Stored data:

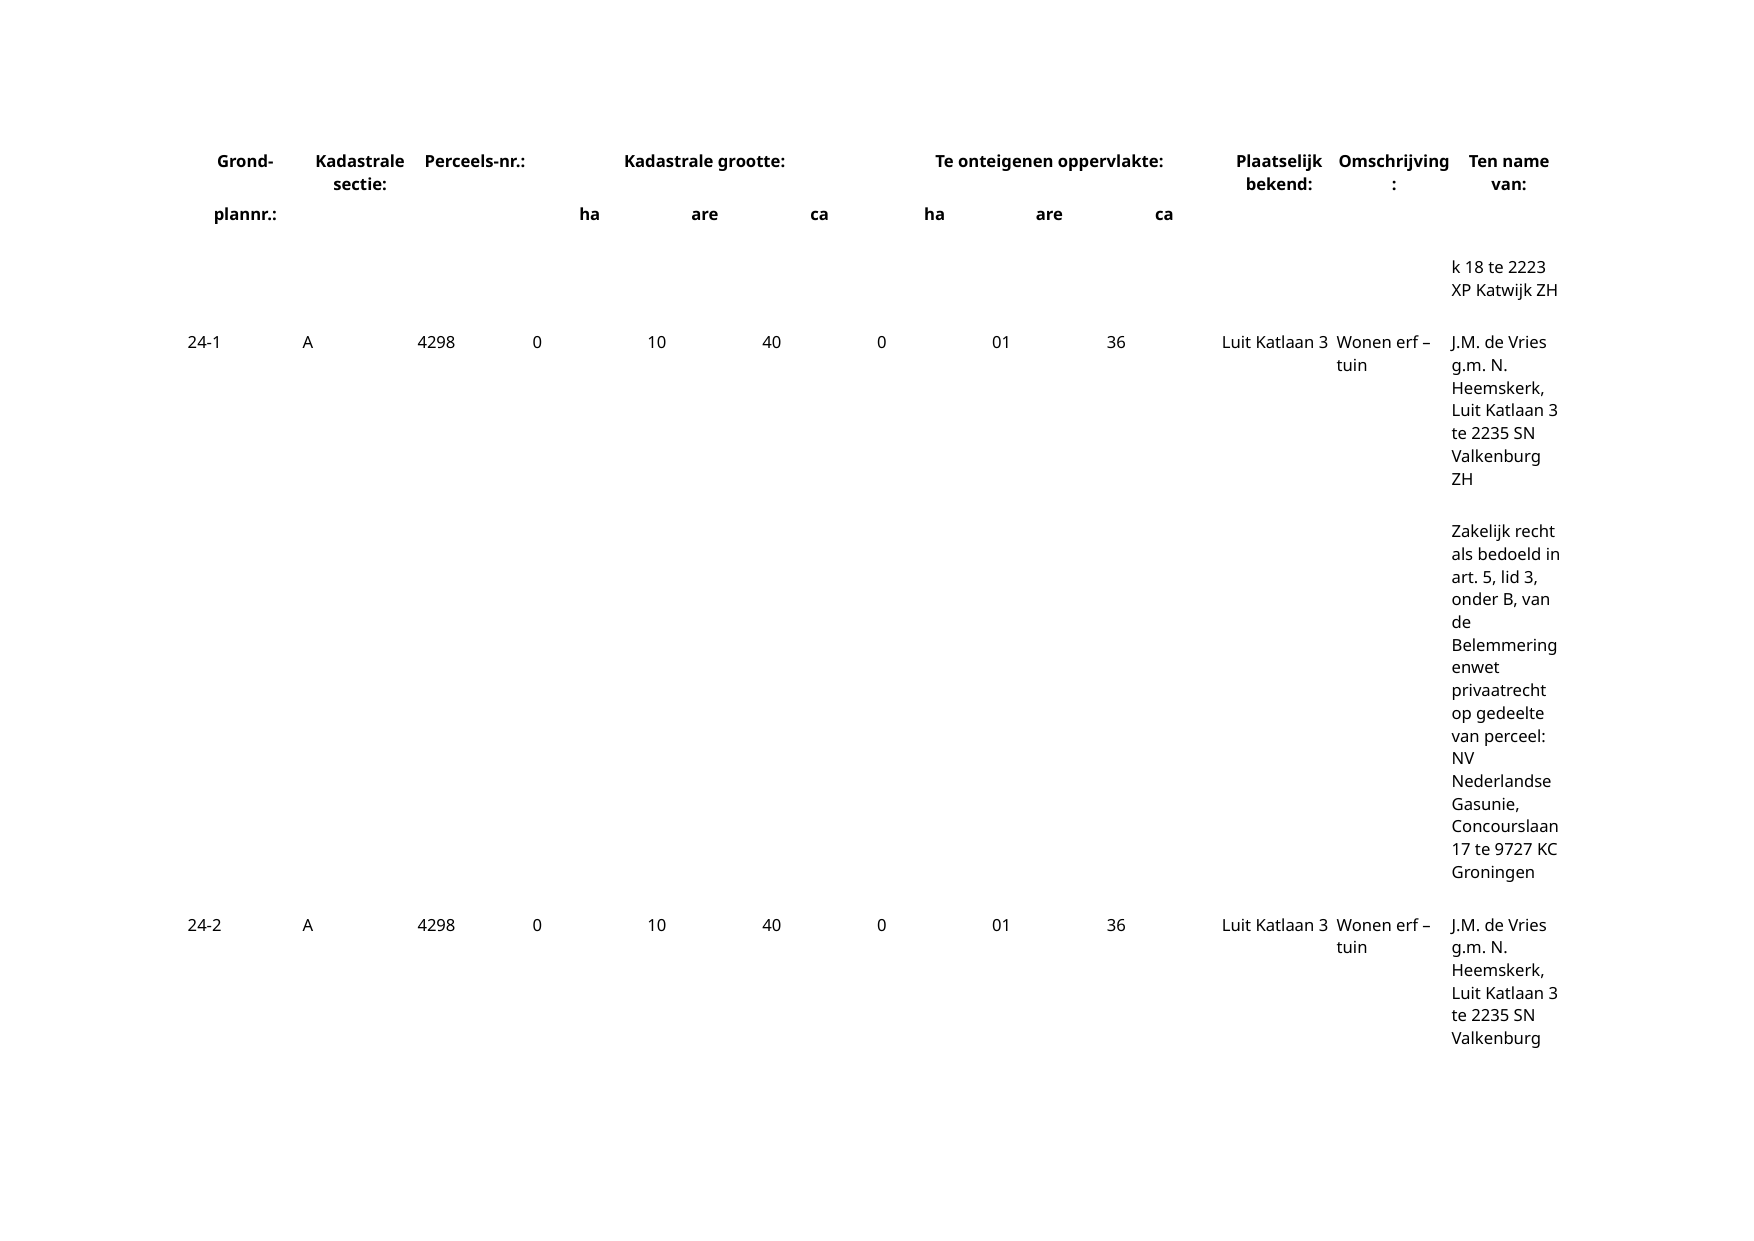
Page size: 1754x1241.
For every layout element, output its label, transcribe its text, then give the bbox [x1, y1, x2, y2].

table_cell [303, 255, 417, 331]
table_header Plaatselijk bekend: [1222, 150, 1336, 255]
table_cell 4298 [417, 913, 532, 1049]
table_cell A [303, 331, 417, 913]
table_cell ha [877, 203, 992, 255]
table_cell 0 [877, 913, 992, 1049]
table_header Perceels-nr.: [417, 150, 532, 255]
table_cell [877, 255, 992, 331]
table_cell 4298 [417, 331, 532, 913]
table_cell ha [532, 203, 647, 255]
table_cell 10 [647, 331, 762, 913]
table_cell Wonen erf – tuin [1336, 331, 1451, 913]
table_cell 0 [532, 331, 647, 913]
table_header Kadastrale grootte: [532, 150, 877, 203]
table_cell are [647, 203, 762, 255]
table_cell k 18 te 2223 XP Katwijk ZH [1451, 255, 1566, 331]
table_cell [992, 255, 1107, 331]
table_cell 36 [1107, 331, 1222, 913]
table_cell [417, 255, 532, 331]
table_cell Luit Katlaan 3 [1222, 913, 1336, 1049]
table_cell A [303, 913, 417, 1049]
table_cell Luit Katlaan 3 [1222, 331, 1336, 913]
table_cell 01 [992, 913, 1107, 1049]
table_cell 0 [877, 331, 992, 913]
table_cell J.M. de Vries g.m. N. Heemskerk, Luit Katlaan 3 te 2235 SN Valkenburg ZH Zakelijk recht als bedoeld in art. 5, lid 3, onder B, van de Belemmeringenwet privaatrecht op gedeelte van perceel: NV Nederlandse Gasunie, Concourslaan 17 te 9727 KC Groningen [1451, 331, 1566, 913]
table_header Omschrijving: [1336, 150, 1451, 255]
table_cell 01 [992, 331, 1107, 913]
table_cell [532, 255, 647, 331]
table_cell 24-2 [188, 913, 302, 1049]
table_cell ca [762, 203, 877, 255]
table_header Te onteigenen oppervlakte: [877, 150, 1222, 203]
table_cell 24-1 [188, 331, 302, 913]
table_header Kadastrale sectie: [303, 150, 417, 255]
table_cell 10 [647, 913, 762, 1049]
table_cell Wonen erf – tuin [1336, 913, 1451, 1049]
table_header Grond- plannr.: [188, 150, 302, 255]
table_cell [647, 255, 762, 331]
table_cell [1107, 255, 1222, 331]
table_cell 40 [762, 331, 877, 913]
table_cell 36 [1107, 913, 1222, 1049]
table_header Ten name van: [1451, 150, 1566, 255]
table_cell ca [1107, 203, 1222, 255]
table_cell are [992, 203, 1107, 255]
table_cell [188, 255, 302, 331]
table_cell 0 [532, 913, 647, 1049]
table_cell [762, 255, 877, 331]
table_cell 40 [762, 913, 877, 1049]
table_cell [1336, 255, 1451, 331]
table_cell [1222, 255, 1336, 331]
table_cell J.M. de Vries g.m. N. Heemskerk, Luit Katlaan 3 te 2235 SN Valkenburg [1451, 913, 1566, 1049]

> **WHAT TO WORK ON**
Although the records above contain pictures, the copy should hold only the lines from their start through the line containing "table_cell [1222, 255, 1336, 331]", each exactly as written, and none of the pictures.

> **REPLY TO THE EXERCISE**
Page size: 1754x1241.
For every layout element, output its label, transcribe its text, then give the bbox [x1, y1, x2, y2].

table_cell [303, 255, 417, 331]
table_header Plaatselijk bekend: [1222, 150, 1336, 255]
table_cell 4298 [417, 913, 532, 1049]
table_cell A [303, 331, 417, 913]
table_cell ha [877, 203, 992, 255]
table_cell 0 [877, 913, 992, 1049]
table_header Perceels-nr.: [417, 150, 532, 255]
table_cell [877, 255, 992, 331]
table_cell 4298 [417, 331, 532, 913]
table_cell ha [532, 203, 647, 255]
table_cell 10 [647, 331, 762, 913]
table_cell Wonen erf – tuin [1336, 331, 1451, 913]
table_cell 0 [532, 331, 647, 913]
table_header Kadastrale grootte: [532, 150, 877, 203]
table_cell are [647, 203, 762, 255]
table_cell k 18 te 2223 XP Katwijk ZH [1451, 255, 1566, 331]
table_cell [992, 255, 1107, 331]
table_cell 36 [1107, 331, 1222, 913]
table_cell [417, 255, 532, 331]
table_cell Luit Katlaan 3 [1222, 913, 1336, 1049]
table_cell A [303, 913, 417, 1049]
table_cell Luit Katlaan 3 [1222, 331, 1336, 913]
table_cell 01 [992, 913, 1107, 1049]
table_cell 0 [877, 331, 992, 913]
table_cell J.M. de Vries g.m. N. Heemskerk, Luit Katlaan 3 te 2235 SN Valkenburg ZH Zakelijk recht als bedoeld in art. 5, lid 3, onder B, van de Belemmeringenwet privaatrecht op gedeelte van perceel: NV Nederlandse Gasunie, Concourslaan 17 te 9727 KC Groningen [1451, 331, 1566, 913]
table_header Omschrijving: [1336, 150, 1451, 255]
table_cell 01 [992, 331, 1107, 913]
table_cell [532, 255, 647, 331]
table_cell 24-2 [188, 913, 302, 1049]
table_cell ca [762, 203, 877, 255]
table_header Te onteigenen oppervlakte: [877, 150, 1222, 203]
table_cell 24-1 [188, 331, 302, 913]
table_header Kadastrale sectie: [303, 150, 417, 255]
table_cell 10 [647, 913, 762, 1049]
table_cell Wonen erf – tuin [1336, 913, 1451, 1049]
table_header Grond- plannr.: [188, 150, 302, 255]
table_cell [647, 255, 762, 331]
table_cell [1107, 255, 1222, 331]
table_cell 40 [762, 331, 877, 913]
table_cell 36 [1107, 913, 1222, 1049]
table_header Ten name van: [1451, 150, 1566, 255]
table_cell ca [1107, 203, 1222, 255]
table_cell are [992, 203, 1107, 255]
table_cell [188, 255, 302, 331]
table_cell 0 [532, 913, 647, 1049]
table_cell [762, 255, 877, 331]
table_cell 40 [762, 913, 877, 1049]
table_cell [1336, 255, 1451, 331]
table_cell [1222, 255, 1336, 331]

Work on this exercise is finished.